Avoid optional, nullable attributes with this one simple trick

(Clickbait title, comment if it worked below :P)

TLDR, summary

Optional, nullable attributes needlessly introduce state to your objects and needlessly makes your code more bug-prone and more complex. By default, optional, nullable attributes can and should be avoided. A very simple and idiomatic way to avoid them is to just take them out.

Longer version

How many times have you come across classes like this

NOTE: Overuse of String and Int for everything is a problem all of its own, primitive obsession, but that's a different topic altogether - the topic of this post is strictly about what attributes classes are composed of, not necessarily their types

class User {
  String userId;
  String username;
  String bestFriend;
  String favoriteBand;
}

where userId and username are the essential attributes that constitutes the core thing the class represents, and bestFriend and favoriteBand are optional, nullable attributes, and don't really have anything to do with what constitutes a user.

You've probably come across this more times than you can count, even in fresh code, right? Probably most classes in our codebases contain a mix of non-nullable and nullable attributes. (or at least, a very significant share do)

Why it's bad

Because any given object can now be in the state of 1) having all attributes 2) all but bestFriend 3) all but favoriteband 4) just userId and username.

That's 4 (!) states! Vs just the 1 possible state if it always had all attributes.

Note how only 2 optional attributes added 4 states - the range of states scales exponentially the more optional attributes there are.

Aside from the mere conceptual mental complexity, now, very real errors will result from doing things like

listOfFriends.add(someUser.getBestFriend()); //java.lang.UnsupportedOperationException

So now, every part of the code that deals with these objects will have to take state into account and deal with the possibly absent values, eg

if (someUser.getBestFriend() != null) { listOfFriends.add(someUser.getBestFriend()); } else { //do nothing }

Worse, the compiler won't warn about the problem, it will just result in runtime errors in production if not dealt with.

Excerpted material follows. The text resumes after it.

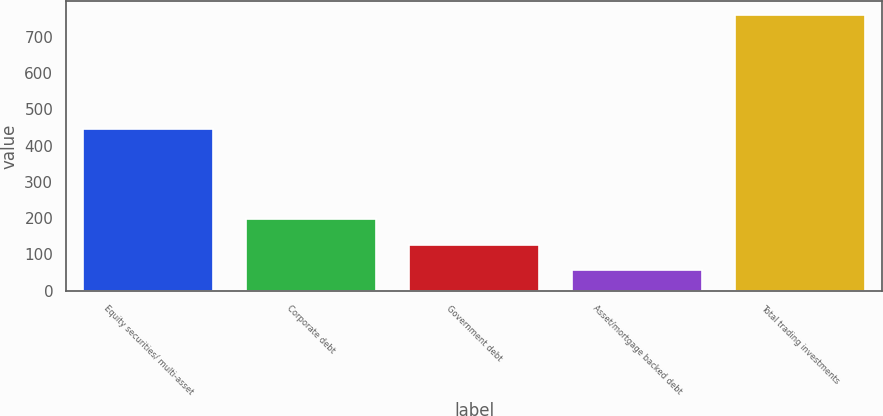Convert chart to OTSL. <chart><loc_0><loc_0><loc_500><loc_500><bar_chart><fcel>Equity securities/ multi-asset<fcel>Corporate debt<fcel>Government debt<fcel>Asset/mortgage backed debt<fcel>Total trading investments<nl><fcel>446<fcel>196.8<fcel>126.4<fcel>56<fcel>760<nl></chart>

Also, conceptually, when you eg want the best friend of someone, you want the best friend object, not the user (let alone all details about that user) who considers that person their best friend!

The solution

Optional, nullable attributes can very simply and idiomatically be completely eliminated by just moving them out

class User {
  String userId;
  String username;
}

they could be turned into their own thing

class BestFriend { 
  //...however you wanna implement
}
 
class BestFriendService { 
  Optional<User> findBestFriendOf(String userId);
}

class FavoriteBand { 
  String userId; 
  String bandId; //or String bandName or whatever, however you wanna implement
}
 
class FavoriteBandService { 
  Optional<User> findBestFriendOf(String userId);
}

Note that this isn't some "clever" solution, and it doesn't rely on annotations, Optional, Kotlin nullable attributes etc etc - we're literally just moving the attributes out to be their own thing - which they are! They don't belong on the user object!

Common arguments

These are just some of the most common ones I see, but I'm sure more could be thought of.

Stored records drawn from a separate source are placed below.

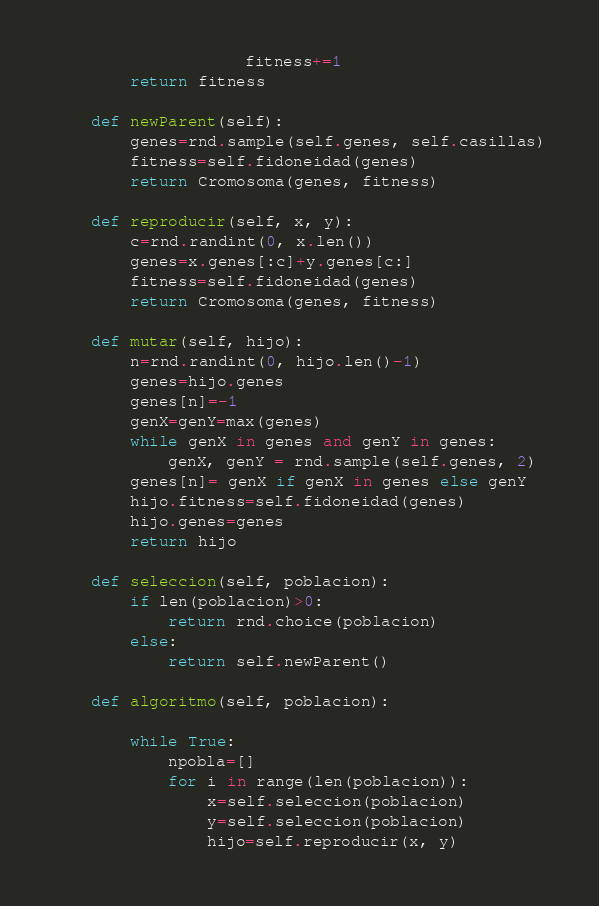<code> <loc_0><loc_0><loc_500><loc_500><_Python_>                    fitness+=1
        return fitness

    def newParent(self):
        genes=rnd.sample(self.genes, self.casillas)
        fitness=self.fidoneidad(genes)
        return Cromosoma(genes, fitness)

    def reproducir(self, x, y):
        c=rnd.randint(0, x.len())
        genes=x.genes[:c]+y.genes[c:]
        fitness=self.fidoneidad(genes)
        return Cromosoma(genes, fitness)

    def mutar(self, hijo):
        n=rnd.randint(0, hijo.len()-1)
        genes=hijo.genes
        genes[n]=-1
        genX=genY=max(genes)
        while genX in genes and genY in genes:
            genX, genY = rnd.sample(self.genes, 2)
        genes[n]= genX if genX in genes else genY
        hijo.fitness=self.fidoneidad(genes)
        hijo.genes=genes
        return hijo

    def seleccion(self, poblacion):
        if len(poblacion)>0:
            return rnd.choice(poblacion)
        else:
            return self.newParent()

    def algoritmo(self, poblacion):

        while True:
            npobla=[]
            for i in range(len(poblacion)):
                x=self.seleccion(poblacion)
                y=self.seleccion(poblacion)
                hijo=self.reproducir(x, y)</code>

Leaving the attributes on the User and using Kotlin Types? / Optional / @NotNull and @Nullable solves it

No, it doesn't. All they do is make the compiler warn and prevent things like

listOfFriends.add(someUser.getBestFriend()); //java.lang.UnsupportedOperationException

which is great! But the fundamental problem of state and complexity (both conceptual and in concrete code) is still there (ie when working with the object we still have to do if/map or whatever), and the class remains poorly designed, with attributes that don't really have anything to do with what constitutes a user.

Code review will catch any resulting bugs

Maybe! By all means, you could carefully code review to make sure there are no bugs resulting. But... why not just not code in a way that completely avoids the issue, greatly simplifiying the code review, so you won't have to (hopefully) catch them in code review?

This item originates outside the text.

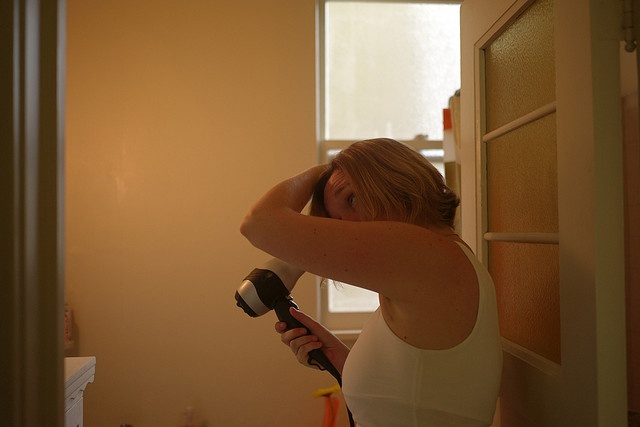Describe the objects in this image and their specific colors. I can see people in black, maroon, and gray tones and hair drier in black, maroon, and brown tones in this image. 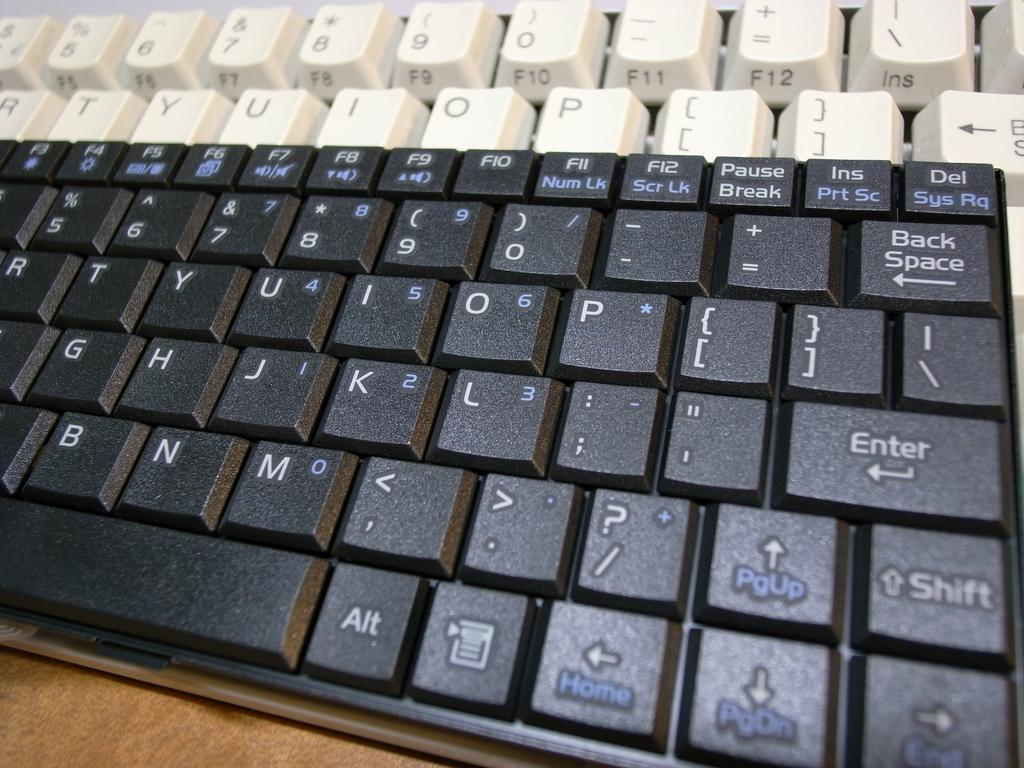Provide a one-sentence caption for the provided image. A black keyboard has the home key on the same key as the left arrow.

What about making the attributes non-optional with default values?

Sometimes, this is an option. (pun intended) But who are you going to set as bestFriend, and what band are you going to set as favoriteBand? It's not always possible to set a default - many times, defaults are just set to shoddy non-values like "NA" or "unknown" or whatever just to please the compiler, when, really, that's a strong smell that something isn't right and there's an underlying issue that should be fixed instead. (ie redesigning the classes)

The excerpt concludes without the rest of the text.